21 februari 2024
ABRS – Planvergelijking
Appellanten zijn eigenaar van een woning en hebben het college op 12 december 2016 verzocht om vergoeding van de planschade ten gevolge van twee bestemmingsplannen. Het college heeft op 10 april 2018 de aanvragen afgewezen. Appellanten hebben bezwaar ingediend, waarop het college een second opinion bij een adviesbureau heeft gevraagd en het bezwaar op 3 februari 2020 ongegrond heeft verklaard. Hierop zijn appellanten in beroep gegaan en heeft de rechtbank op 13 mei 2022 uitspraak gedaan.

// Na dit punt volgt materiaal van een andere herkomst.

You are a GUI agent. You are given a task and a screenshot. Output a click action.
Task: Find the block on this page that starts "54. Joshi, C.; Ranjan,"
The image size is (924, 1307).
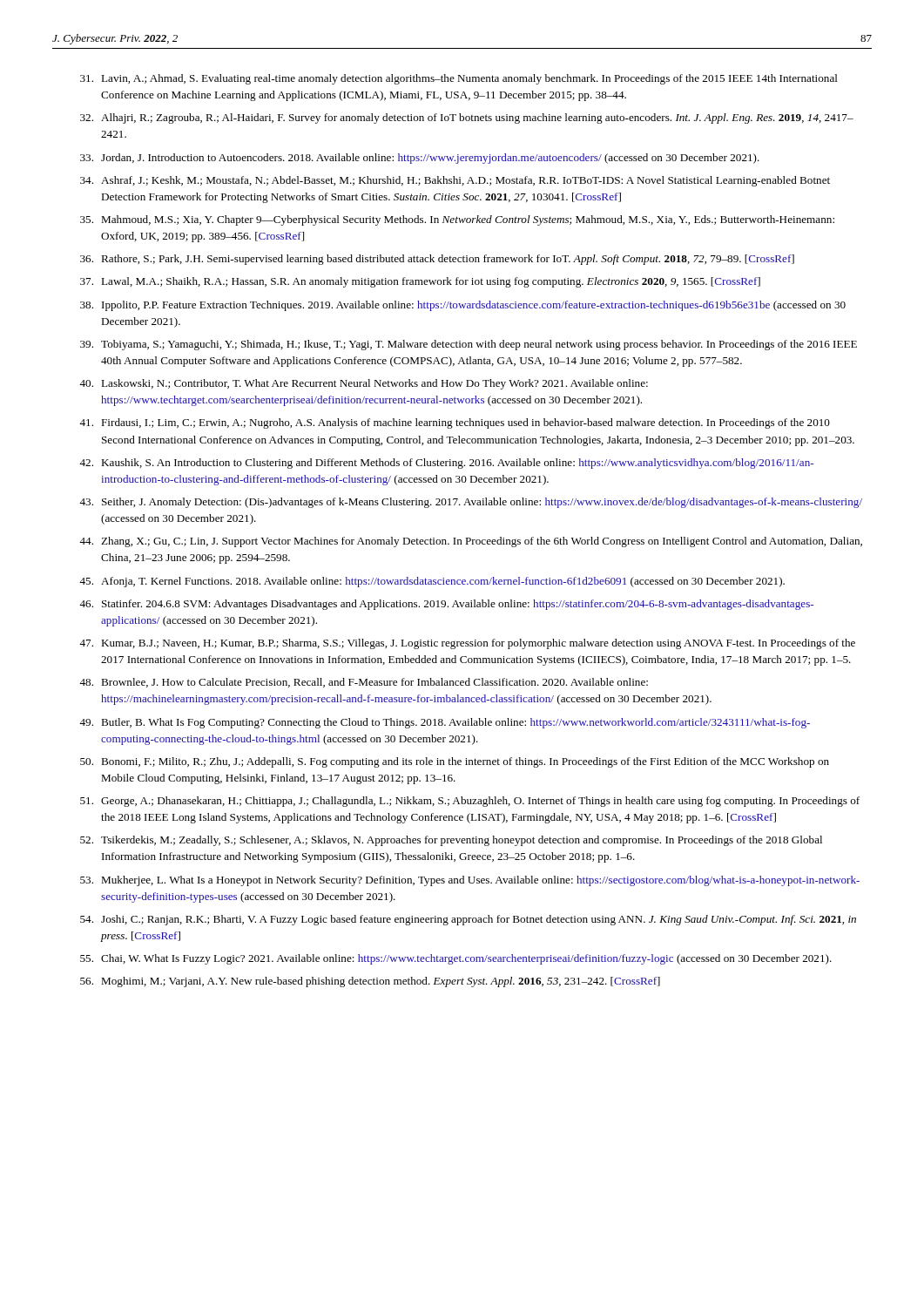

Appellanten betogen dat het oprichten van een gebouw met een kap van 11 meter en goothoogte van
4 meter nergens voorkomt en dat geen rekening is gehouden met de eisen in de bouwverordening. De Afdeling geeft aan dat niet aannemelijk is gemaakt dat het realiseren van een gebouw met een nokhoogte van 15 meter en een goothoogte van 4 meter niet mogelijk is. Daarbij is in de second opinion uiteengezet dat er geen conflict is met de regels van de bouwverordening. Hier zijn appellanten niet gemotiveerd op ingegaan. Het betoog van de appellanten slaagt niet.